Thanks! It seems like this might be the same issue discussed here. Could you try running bcftools reheader as suggested and then re-ingesting to see if that fixes the export.

If you have vcftools installed you could also run the vcf-validator to make sure there are no other issues with the files.

sauloal avatar sauloal commented on June 9, 2024

I had to split my cVCF into single sample files therefore I get a lot of AN/AC errors but otherwise the file is fine.

Leading or trailing space in attr_key-attr_value pairs is discouraged:
        [Description] [Functional annotations: 'Allele | Annotation | Annotation_Impact | Gene_Name | Gene_ID | Feature_Type | Feature_ID | Transcript_BioType | Rank | HGVS.c | HGVS.p | cDNA.pos / cDNA.length | CDS.pos / CDS.length | AA.pos / AA.length | Distance | ERRORS / WARNINGS / INFO' ]
        INFO=<ID=ANN,Number=.,Type=String,Description="Functional annotations: 'Allele | Annotation | Annotation_Impact | Gene_Name | Gene_ID | Feature_Type | Feature_ID | Transcript_BioType | Rank | HGVS.c | HGVS.p | cDNA.pos / cDNA.length | CDS.pos / CDS.length | AA.pos / AA.length | Distance | ERRORS / WARNINGS / INFO' ">
The header tag 'reference' not present. (Not required but highly recommended.)
SL2.50ch00:3235 .. AN is 118, should be 2
SL2.50ch00:3235 .. AC is 118, should be 2
SL2.50ch00:4314 .. AN is 128, should be 2
SL2.50ch00:4314 .. AC is 128, should be 2

aaronwolen avatar aaronwolen commented on June 9, 2024

Any luck with bcftools reheader?

sauloal avatar sauloal commented on June 9, 2024


In summary. It solved the proble. Recoding the file with BCF tools and fixing the header manually. Not really high throughput but works.


I've added just a few files and it half works (at least gives a different error).

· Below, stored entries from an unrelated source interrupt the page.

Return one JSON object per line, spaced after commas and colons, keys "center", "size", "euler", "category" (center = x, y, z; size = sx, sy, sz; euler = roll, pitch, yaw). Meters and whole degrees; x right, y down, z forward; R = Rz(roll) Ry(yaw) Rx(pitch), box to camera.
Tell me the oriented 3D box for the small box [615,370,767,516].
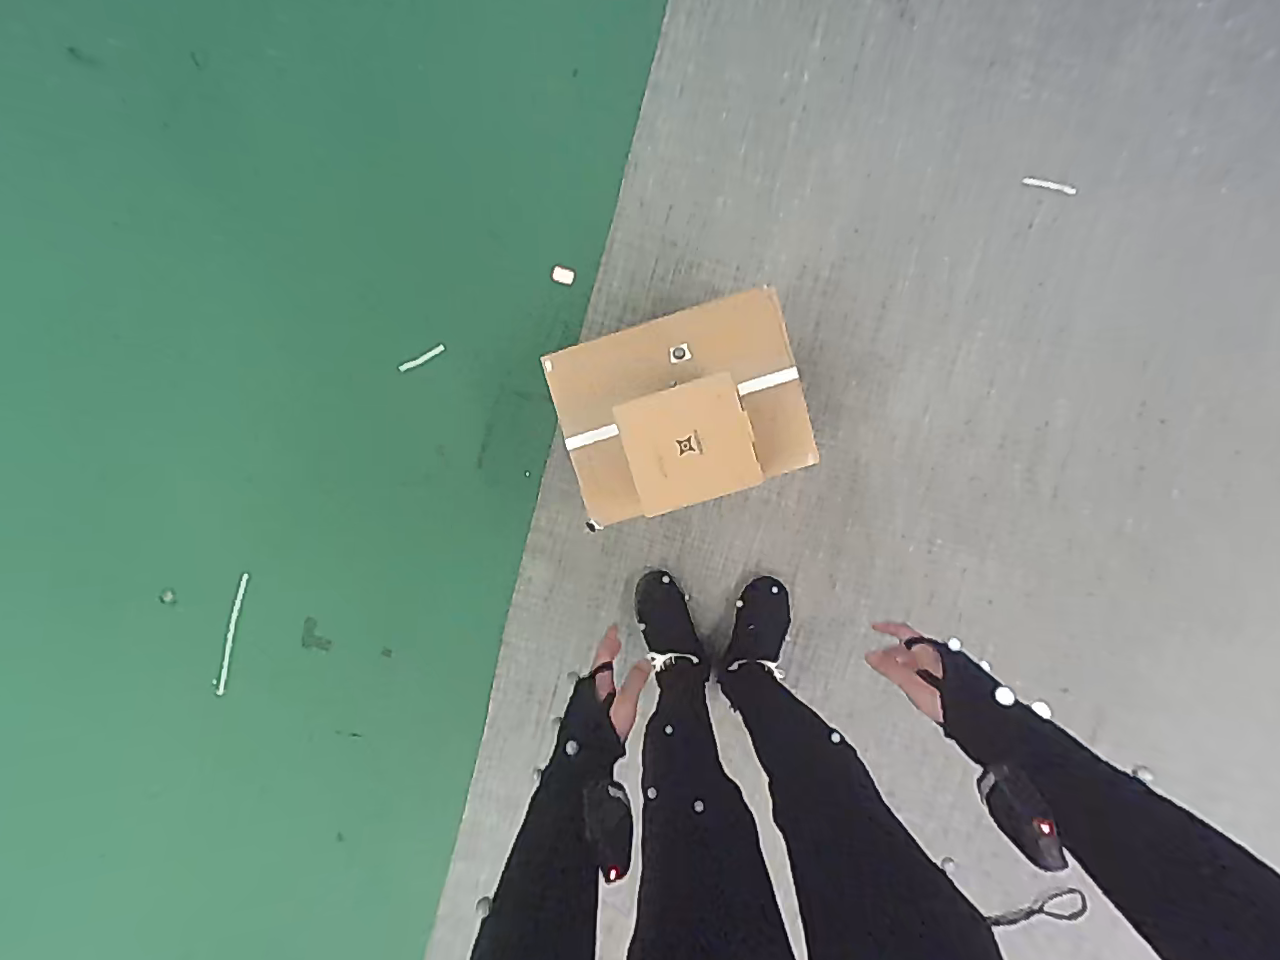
{"center": [0.073, -0.057, 0.813], "size": [0.179, 0.176, 0.168], "euler": [-16, 93, 5], "category": "small box"}
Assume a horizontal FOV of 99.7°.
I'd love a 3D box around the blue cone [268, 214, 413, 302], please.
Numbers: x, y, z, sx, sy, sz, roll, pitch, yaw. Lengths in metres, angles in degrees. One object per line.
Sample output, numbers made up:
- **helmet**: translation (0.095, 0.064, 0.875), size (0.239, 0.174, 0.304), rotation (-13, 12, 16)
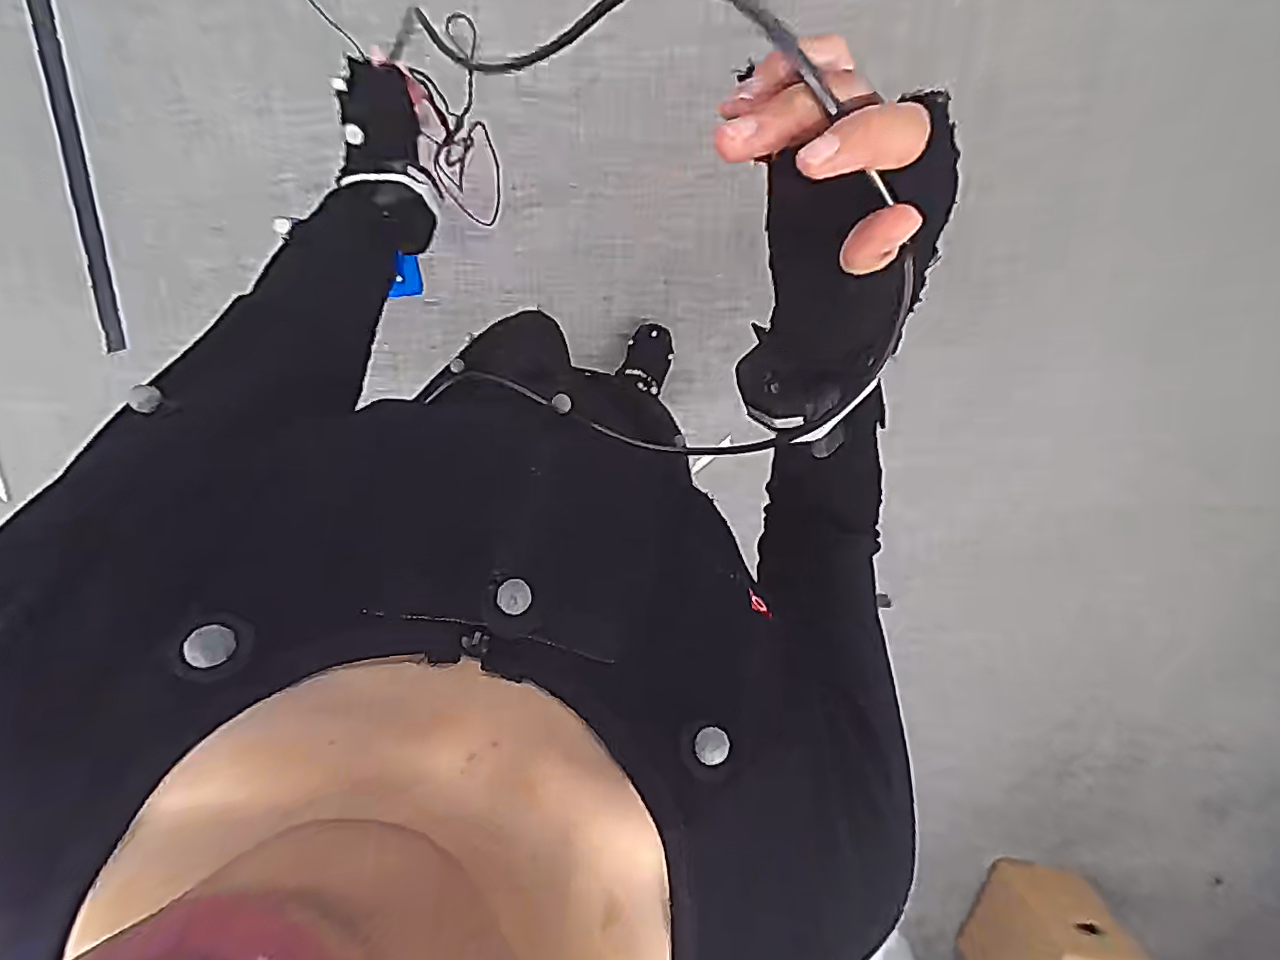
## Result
- **blue cone**: translation (-0.647, -0.492, 1.147), size (0.192, 0.380, 0.193), rotation (-5, 106, -1)
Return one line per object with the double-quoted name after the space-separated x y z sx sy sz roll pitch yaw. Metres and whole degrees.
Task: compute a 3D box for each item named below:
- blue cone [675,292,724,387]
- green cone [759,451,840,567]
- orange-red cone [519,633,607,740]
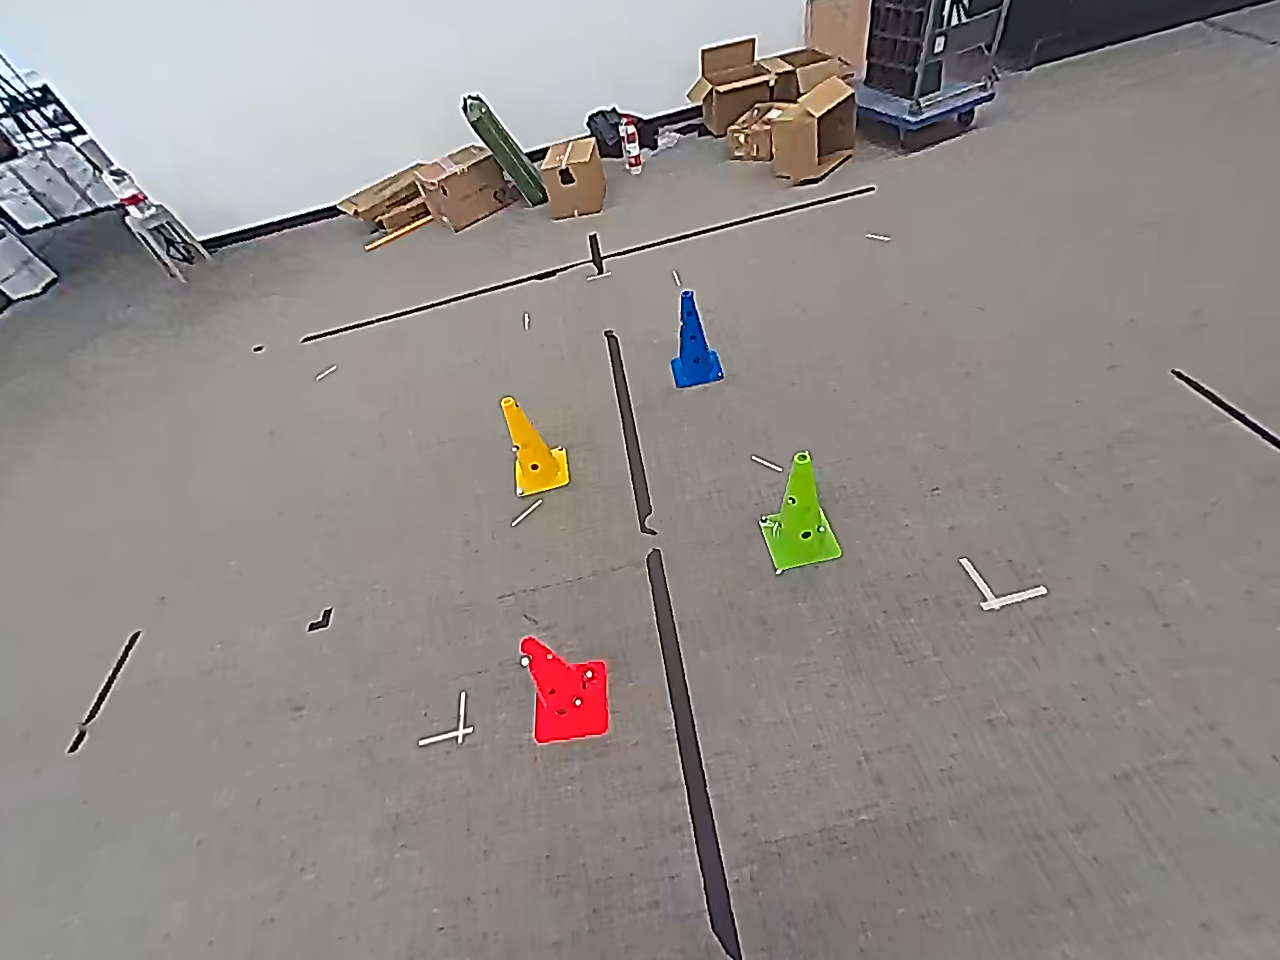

tiledbvcf export --uri 150_debug_cli --verbose --output-format z --sample-names SZAXPI008746-45,SZAXPI009284-57,SZAXPI009285-62,SZAXPI009286-74 --regions SL2.50ch00:1-100000 --output-dir 150_debug_cli_query
Sorted 1 regions in 4.62e-05 seconds.
Allocating 11 fields (17 buffers) of size 63161283 bytes (60.2353MB)
Initialized TileDB query with 1 start_pos ranges,4 samples for contig SL2.50ch00 (contig batch 1/1, sample batch 1/1).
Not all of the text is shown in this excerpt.